Segment Any Cell: A SAM-based Auto-prompting Fine-tuning Framework for Nuclei Segmentation

Segment Any Cell: A SAM-based Auto-prompting Fine-tuning Framework for Nuclei Segmentation

24 Jan 2024 | Saiyang Na, Yuzhi Guo, Feng Jiang, Hehuan Ma, Junzhou Huang
The paper introduces Segment Any Cell (SAC), an innovative framework that enhances the Segmentation Anything Model (SAM) for nuclei segmentation in medical imaging. SAC addresses the critical challenge of generating high-quality, informative prompts, which is crucial for improving the performance of SAM in specialized tasks. The framework integrates Low-Rank Adaptation (LoRA) within the attention layer of the Transformer to enhance the fine-tuning process, outperforming existing state-of-the-art (SOTA) methods. Additionally, SAC introduces an auto-prompt generator that automatically produces effective prompts to guide the segmentation process, making it easier to use and more efficient. Extensive experiments on the MoNuSeg and 2018 Data Science Bowl (DSB) datasets demonstrate the superiority of SAC in nuclei segmentation tasks, outperforming both SOTA methods and advanced SAM adaptation techniques. The contributions of SAC include a novel prompt generation strategy, automated adaptability for diverse segmentation tasks, the innovative application of Low-Rank Attention Adaptation in SAM, and a versatile framework for semantic segmentation challenges.The paper introduces Segment Any Cell (SAC), an innovative framework that enhances the Segmentation Anything Model (SAM) for nuclei segmentation in medical imaging.
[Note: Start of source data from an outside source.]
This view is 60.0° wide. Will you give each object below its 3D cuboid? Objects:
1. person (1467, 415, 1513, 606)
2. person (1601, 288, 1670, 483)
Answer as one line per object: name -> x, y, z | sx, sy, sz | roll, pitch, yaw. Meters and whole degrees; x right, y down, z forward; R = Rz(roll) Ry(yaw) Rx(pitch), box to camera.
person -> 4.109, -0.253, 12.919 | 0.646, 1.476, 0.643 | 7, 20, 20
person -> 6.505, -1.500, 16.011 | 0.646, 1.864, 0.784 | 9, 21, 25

SAC addresses the critical challenge of generating high-quality, informative prompts, which is crucial for improving the performance of SAM in specialized tasks. The framework integrates Low-Rank Adaptation (LoRA) within the attention layer of the Transformer to enhance the fine-tuning process, outperforming existing state-of-the-art (SOTA) methods. Additionally, SAC introduces an auto-prompt generator that automatically produces effective prompts to guide the segmentation process, making it easier to use and more efficient. Extensive experiments on the MoNuSeg and 2018 Data Science Bowl (DSB) datasets demonstrate the superiority of SAC in nuclei segmentation tasks, outperforming both SOTA methods and advanced SAM adaptation techniques. The contributions of SAC include a novel prompt generation strategy, automated adaptability for diverse segmentation tasks, the innovative application of Low-Rank Attention Adaptation in SAM, and a versatile framework for semantic segmentation challenges.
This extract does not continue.